There are other metrics to consider, though. For example, the rate of positive tests. In Washington and Mississippi, for example, a higher percentage of tests are coming back positive than on May 25. In Maine, the rate of positives has fallen.
This rate is obviously independent of how many tests are being conducted, though it may still be subject to differences in who’s being tested. (If a state suddenly constricts its testing to patients exhibiting symptoms in hospital emergency rooms, for example, its positive rate will probably spike.) Nonetheless, it’s worth noting that in 21 states, the rate of positive tests has increased since May 25.
(If you don’t like using May 25 as the baseline: Fair enough! On Monday, we made a tool allowing you to use whatever range of dates you wish.)
There’s another useful metric that has driven a lot of the concern about new cases: increases in new hospitalizations per day. This data is a bit spottier because not every state reports it. But here we see, for example, that Hawaii’s increase in new cases isn’t only manifested in increased testing. It’s also putting more people into hospitals.
Of the 33 states for which there is hospitalization data compiled by the Covid Tracking Project, 13 have seen increases in the number of new hospitalizations per day since May 25. That includes five of the seven states where testing has dropped as new cases have increased.
These data yield a spotty measure of how states are doing. If we simply indicate how states are faring on the four metrics (cases, tests, rate of positive tests and hospitalizations), we get something like this, where darker blue means doing better on the metric and darker orange doing worse. New York is doing well! Georgia, not so much.

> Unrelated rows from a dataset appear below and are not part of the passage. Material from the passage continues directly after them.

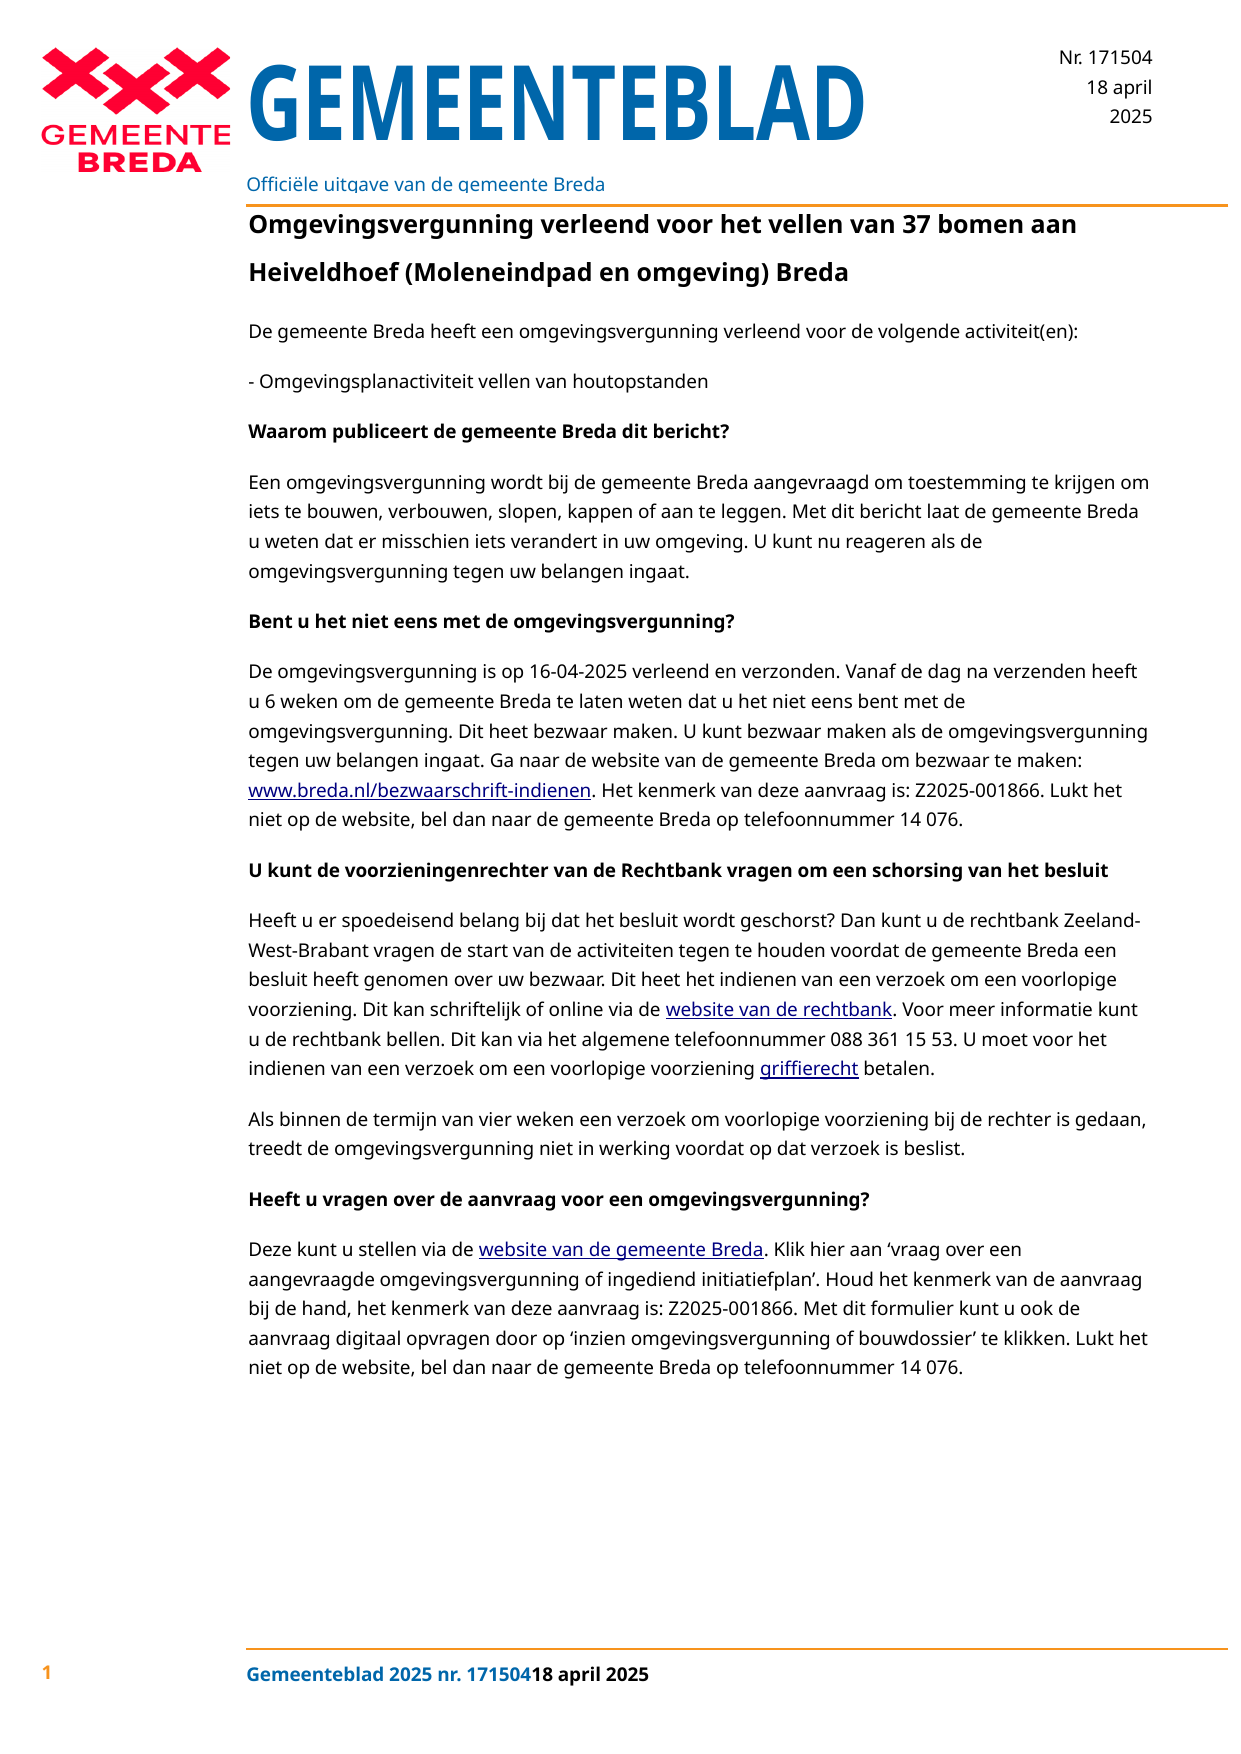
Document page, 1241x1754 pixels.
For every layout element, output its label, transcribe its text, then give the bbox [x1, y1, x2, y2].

text U kunt de voorzieningenrechter van de Rechtbank vragen om een schorsing van het besluit [248, 857, 1152, 883]
text Bent u het niet eens met de omgevingsvergunning? [248, 608, 1152, 634]
picture [41, 47, 231, 172]
text Heeft u er spoedeisend belang bij dat het besluit wordt geschorst? Dan kunt u de rechtbank Zeeland-West-Brabant vragen de start van de activiteiten tegen te houden voordat de gemeente Breda een besluit heeft genomen over uw bezwaar. Dit heet het indienen van een verzoek om een voorlopige voorziening. Dit kan schriftelijk of online via de website van de rechtbank. Voor meer informatie kunt u de rechtbank bellen. Dit kan via het algemene telefoonnummer 088 361 15 53. U moet voor het indienen van een verzoek om een voorlopige voorziening griffierecht betalen. [248, 907, 1152, 1081]
text Waarom publiceert de gemeente Breda dit bericht? [248, 419, 1152, 444]
text - Omgevingsplanactiviteit vellen van houtopstanden [248, 368, 1152, 394]
text De omgevingsvergunning is op 16-04-2025 verleend en verzonden. Vanaf de dag na verzenden heeft u 6 weken om de gemeente Breda te laten weten dat u het niet eens bent met de omgevingsvergunning. Dit heet bezwaar maken. U kunt bezwaar maken als de omgevingsvergunning tegen uw belangen ingaat. Ga naar de website van de gemeente Breda om bezwaar te maken: www.breda.nl/bezwaarschrift-indienen. Het kenmerk van deze aanvraag is: Z2025-001866. Lukt het niet op de website, bel dan naar de gemeente Breda op telefoonnummer 14 076. [248, 659, 1152, 832]
text Als binnen de termijn van vier weken een verzoek om voorlopige voorziening bij de rechter is gedaan, treedt de omgevingsvergunning niet in werking voordat op dat verzoek is beslist. [248, 1106, 1152, 1161]
text Deze kunt u stellen via de website van de gemeente Breda. Klik hier aan ‘vraag over een aangevraagde omgevingsvergunning of ingediend initiatiefplan’. Houd het kenmerk van de aanvraag bij de hand, het kenmerk van deze aanvraag is: Z2025-001866. Met dit formulier kunt u ook de aanvraag digitaal opvragen door op ‘inzien omgevingsvergunning of bouwdossier’ te klikken. Lukt het niet op de website, bel dan naar de gemeente Breda op telefoonnummer 14 076. [248, 1236, 1152, 1380]
text De gemeente Breda heeft een omgevingsvergunning verleend voor de volgende activiteit(en): [248, 318, 1152, 344]
text Een omgevingsvergunning wordt bij de gemeente Breda aangevraagd om toestemming te krijgen om iets te bouwen, verbouwen, slopen, kappen of aan te leggen. Met dit bericht laat de gemeente Breda u weten dat er misschien iets verandert in uw omgeving. U kunt nu reageren als de omgevingsvergunning tegen uw belangen ingaat. [248, 469, 1152, 584]
text Heeft u vragen over de aanvraag voor een omgevingsvergunning? [248, 1186, 1152, 1212]
text Omgevingsvergunning verleend voor het vellen van 37 bomen aan Heiveldhoef (Moleneindpad en omgeving) Breda [248, 207, 1152, 288]

Again, though, the point of testing isn’t simply to track new cases. It’s to better allow states and the country overall to contain outbreaks. We test a lot because that has helped states to know where the virus is spreading and to quarantine those who might have been exposed, preventing new infections.
When the administration began touting how many tests were being done, comparing the numbers to those in South Korea, which was seen as the gold standard for testing, we pointed out that the value of South Korea’s testing regimen was that it geared up quickly — and did a much better job of preventing outbreaks of the virus.
This chart, comparing the number of tests conducted in each country with the number of cases, shows how South Korea’s quick increase in tests led to a quick reduction in cases.
Yes, more testing will necessarily yield more cases, but then it will ideally lead to fewer overall cases as the virus is contained. Trump for some reason didn’t learn his lesson in early March when he tried to present the number of U.S. cases as being smaller than it actually was. He again wants people to think that the number of cases is somehow inflated, that measuring the spread of the virus is itself making things worse.
It’s not new that Trump would be frustrated by objective analysis that makes his policies or his efforts look flawed. In this case, though, Trump’s argument at least makes some intuitive sense: Sure, more tests means more cases.
But, again, it’s still more cases. More deaths. And we still can’t be confident that we’re capturing every infection because we’re still not sure that we’re testing everyone who needs to be tested. As in early March, more testing will mean a quicker containment of the pandemic. As in early March, Trump would apparently rather suggest that everyone’s worrying unnecessarily and hope for the best.
We can at least hope that things turn out better moving forward than they did in the two months after early March.